Springs, for all the Winters

Nat Bartsch Trio
Jazz
Rufus Records RF110
Reviewed by , April 1st, 2014

When this CD was released in 2010, the Nat Bartsch Trio (NBT) consisted of the pianist (Bartsch), Josh Holt was the bassist and Leigh Fisher played drums. The music was very tastefully improvised. Taste and subtlety are paramount throughout, however at no stage does the music descend into ‘noodling’. There is an ever-present sense that every gesture is purposeful.

Bartsch uses a light touch on the piano, a technique that suits her chosen material, most of which consists of her own compositions. Throughout this set, with the exception of the riff piece entitled My Very Own Elephant Song, she displays restraint in her attack, yet preserves great clarity of intention. All of her ideas are realised with a crystal clarity that I found attractive and satisfying.

Springs.ARTIST1 (Nat Bartsch Trio LtoR Nat Bartsch piano, Josh Holt double bass, Leigh Fisher drums, photo by Hannah Dingli)

I Have . . . This first track grabbed my attention immediately. There is a delicate quality about its execution and the sureness of the performers’ assertion sets the tone for the entire CD. Holt’s bass solo is a highlight here.
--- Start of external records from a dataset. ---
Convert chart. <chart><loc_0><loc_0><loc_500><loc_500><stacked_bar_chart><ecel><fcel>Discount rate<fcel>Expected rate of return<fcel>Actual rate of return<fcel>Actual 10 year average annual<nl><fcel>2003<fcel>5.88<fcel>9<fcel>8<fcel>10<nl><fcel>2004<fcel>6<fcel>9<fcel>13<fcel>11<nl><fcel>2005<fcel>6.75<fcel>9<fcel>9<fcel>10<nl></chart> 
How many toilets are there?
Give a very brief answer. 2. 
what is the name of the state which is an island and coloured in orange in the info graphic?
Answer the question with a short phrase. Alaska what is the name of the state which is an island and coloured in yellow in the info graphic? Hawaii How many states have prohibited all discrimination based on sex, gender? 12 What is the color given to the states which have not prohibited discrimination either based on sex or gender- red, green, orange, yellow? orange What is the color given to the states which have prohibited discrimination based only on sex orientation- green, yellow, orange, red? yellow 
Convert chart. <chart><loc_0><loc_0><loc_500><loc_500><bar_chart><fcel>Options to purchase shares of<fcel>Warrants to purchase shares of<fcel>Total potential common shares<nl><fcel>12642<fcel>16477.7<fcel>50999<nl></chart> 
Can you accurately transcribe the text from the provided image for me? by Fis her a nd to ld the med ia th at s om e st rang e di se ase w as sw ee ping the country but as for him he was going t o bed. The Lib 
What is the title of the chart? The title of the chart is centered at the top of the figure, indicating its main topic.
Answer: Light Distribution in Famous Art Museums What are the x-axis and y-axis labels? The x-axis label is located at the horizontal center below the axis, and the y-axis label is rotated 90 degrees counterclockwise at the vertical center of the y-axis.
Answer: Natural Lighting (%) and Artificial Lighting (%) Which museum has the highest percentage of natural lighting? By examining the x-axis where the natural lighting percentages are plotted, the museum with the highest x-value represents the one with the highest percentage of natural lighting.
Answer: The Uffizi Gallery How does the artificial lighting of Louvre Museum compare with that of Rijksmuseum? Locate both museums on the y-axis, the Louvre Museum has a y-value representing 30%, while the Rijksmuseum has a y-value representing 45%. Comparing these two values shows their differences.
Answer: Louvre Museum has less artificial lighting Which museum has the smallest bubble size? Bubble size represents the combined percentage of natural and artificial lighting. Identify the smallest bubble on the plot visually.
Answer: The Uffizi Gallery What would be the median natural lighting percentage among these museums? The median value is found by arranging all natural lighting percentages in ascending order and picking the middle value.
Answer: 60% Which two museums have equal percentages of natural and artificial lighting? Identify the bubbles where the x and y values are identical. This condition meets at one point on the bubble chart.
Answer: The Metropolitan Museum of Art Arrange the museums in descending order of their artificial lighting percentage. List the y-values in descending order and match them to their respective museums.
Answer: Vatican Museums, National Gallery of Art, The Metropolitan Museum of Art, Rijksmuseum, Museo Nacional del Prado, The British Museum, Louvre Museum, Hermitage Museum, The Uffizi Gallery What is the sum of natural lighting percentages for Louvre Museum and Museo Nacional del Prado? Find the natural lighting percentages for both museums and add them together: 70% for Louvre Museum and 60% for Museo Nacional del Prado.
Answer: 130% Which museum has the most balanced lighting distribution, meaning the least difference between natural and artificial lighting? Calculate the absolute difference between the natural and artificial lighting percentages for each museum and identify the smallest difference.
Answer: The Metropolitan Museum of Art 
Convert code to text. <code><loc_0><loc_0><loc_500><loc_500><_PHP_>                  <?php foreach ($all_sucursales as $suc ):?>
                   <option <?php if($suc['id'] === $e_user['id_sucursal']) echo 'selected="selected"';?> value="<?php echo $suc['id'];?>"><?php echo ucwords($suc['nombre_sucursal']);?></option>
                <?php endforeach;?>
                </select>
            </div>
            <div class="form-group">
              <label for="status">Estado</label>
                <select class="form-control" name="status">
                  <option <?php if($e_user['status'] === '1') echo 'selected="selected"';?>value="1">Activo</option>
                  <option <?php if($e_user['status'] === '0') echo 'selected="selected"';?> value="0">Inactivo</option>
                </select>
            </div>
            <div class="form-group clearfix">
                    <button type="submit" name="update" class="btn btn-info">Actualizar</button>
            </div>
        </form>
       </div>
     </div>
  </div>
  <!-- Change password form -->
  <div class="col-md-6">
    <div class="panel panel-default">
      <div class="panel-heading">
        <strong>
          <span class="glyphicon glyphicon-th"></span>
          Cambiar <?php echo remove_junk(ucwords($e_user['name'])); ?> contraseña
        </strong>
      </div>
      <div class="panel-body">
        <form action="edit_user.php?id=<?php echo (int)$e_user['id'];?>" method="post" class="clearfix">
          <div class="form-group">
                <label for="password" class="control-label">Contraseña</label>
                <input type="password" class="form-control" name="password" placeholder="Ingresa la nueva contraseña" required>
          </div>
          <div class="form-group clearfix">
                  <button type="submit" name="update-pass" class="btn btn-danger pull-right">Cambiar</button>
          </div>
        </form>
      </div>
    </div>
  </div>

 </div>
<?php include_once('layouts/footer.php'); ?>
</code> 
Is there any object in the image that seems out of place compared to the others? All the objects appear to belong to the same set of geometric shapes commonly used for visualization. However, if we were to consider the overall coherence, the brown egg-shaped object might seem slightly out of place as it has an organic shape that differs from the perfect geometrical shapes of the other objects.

Revelry by Kings of Leon and The Sire of Sorrow by Joni Mitchell are the two ‘covers’ in the set. Both are presented with respect for the original versions at the same time as reshaping some of their elements in adapting them for improvisation. I enjoyed the Bartsch Trio adaptations even more than the original popular songs.

Song for Mum is a composition with Latin rhythm. It contains a very good drum solo that showcases Leigh Fisher’s fine musicianship.

You Put the Spring in Spring is a piece in which triple metre is beautifully blurred by syncopated melody.

Whilst continuing the overall gentle vibe, Warm, Slowly has a slow rock feel. The drummer plays with commendable restraint yet manages to convey strong rhythmic drive. His solo makes clever use of parade ground snare drum work and cymbal interplay.

My Very Own Elephant Song employs a riff in slow triple metre that provides a contrasting mood to some of the other pieces. In this way it contributes to the balance of the album.

As I write this review, the current version of NBT has just released another album entitled To Sail, To Sing and has toured Japan with it. If the new lineup is as good as the first, I look forward to hearing it. Springs, for all the Winters is a wonderful contribution to Australia’s contemporary music. Hear Nat Bartsch whenever you can.